Le 27 mars, Zaher et les membres de sa famille ont donc chacun été soumis à des entretiens individuels au centre de réfugiés de Sandhølm. Le tout a duré pas moins de douze heures. La plupart des questions ont porté sur des détails de la vie de la famille à Damas. Puis l'interrogateur a assuré à Zaher que Damas était considérée comme une ville sûre. "Damas, sûre ? Avez-vous déjà été dans les centres de détention ? Avez-vous entendu parler des personnes disparues ?", s’est emporté Zaher.

"La personne en charge de mon intégration voulait connaître le jour exact où j'avais été arrêté. Quand elle a interrogé ma femme et recoupé nos déclarations, elle a trouvé des petites différences dans nos histoires et dans les dates. C'est pourquoi ils veulent nous renvoyer à la mort", se désole Zaher. Il nous explique qu’en Syrie, il est réserviste, mais qu'il refuse de rejoindre l’armée de Bachar al-Assad.
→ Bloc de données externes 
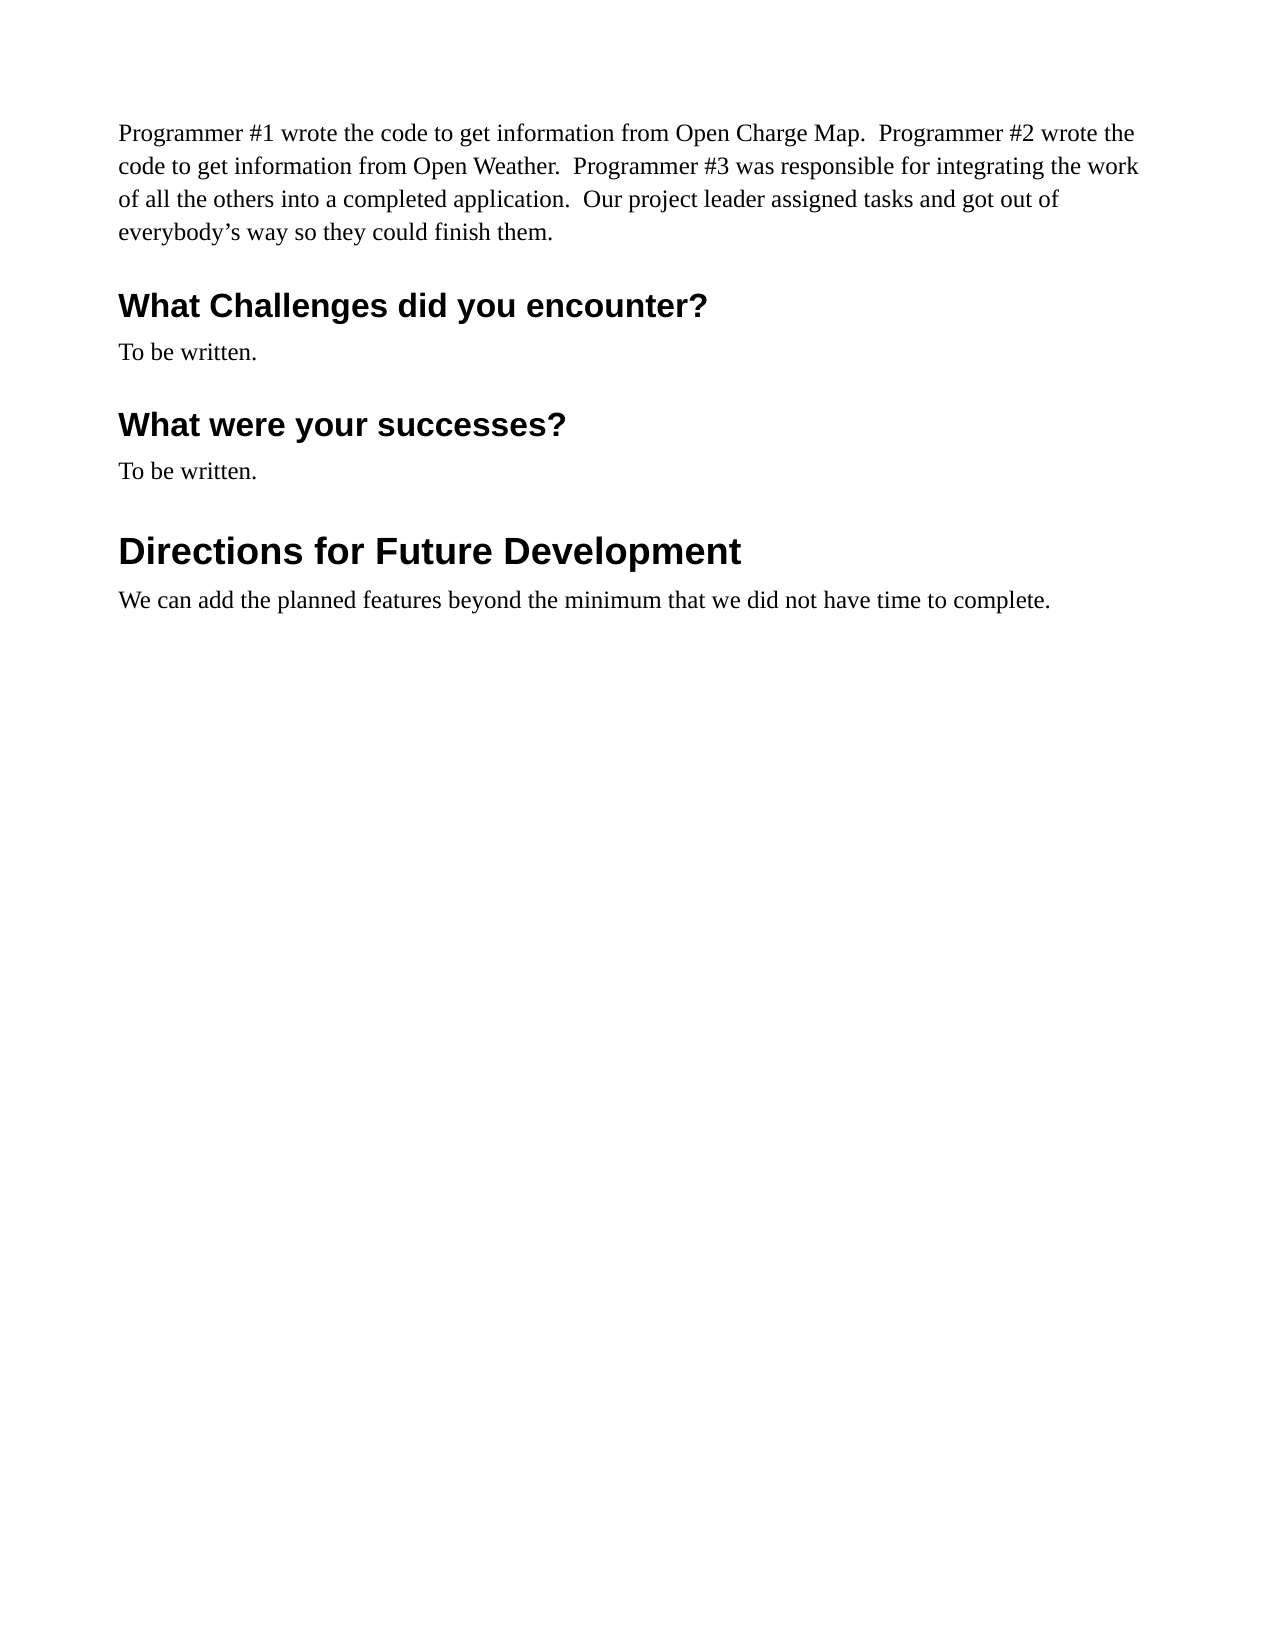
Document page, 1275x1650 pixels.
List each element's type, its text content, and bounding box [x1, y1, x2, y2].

C'est pour cela qu'il s’est enfui du pays.

Après ces interrogatoires, les permis de résidence de la famille Salameh au Danemark ont été déclarés caducs. Un responsable leur a ensuite rendu visite pour leur proposer de l'argent afin que la famille retourne en Syrie de son plein gré. "Il m'a offert 480 000 couronnes danoises (64 200 euros) pour retourner là-bas et assuré qu’ils me paieraient encore plus pour les enfants : écoles privées, médicaments et meubles si nous louions un appartement à Damas". Mais Zaher lui a rétorqué : "Même si vous me donnez un milliard de couronnes danoises, je ne retournerai pas en Syrie, je ne reviendrai pas vers la mort assurée".

Le 21 juin 2019, Zaher et sa famille ont été les premiers réfugiés syriens à contester la décision des autorités de les renvoyer vers la Syrie. Finalement, la justice a décidé d'annuler leur expulsion et la famille a peut rester au Danemark. Mais depuis que le gouvernement a menacé de les renvoyer chez eux, tous les membres de la famille souffrent d'une grande insécurité psychologique. Ils mettront du temps à s'en remettre. Et plusieurs familles de Syriens réfugiées au Danemark risquent de subir un sort similaire.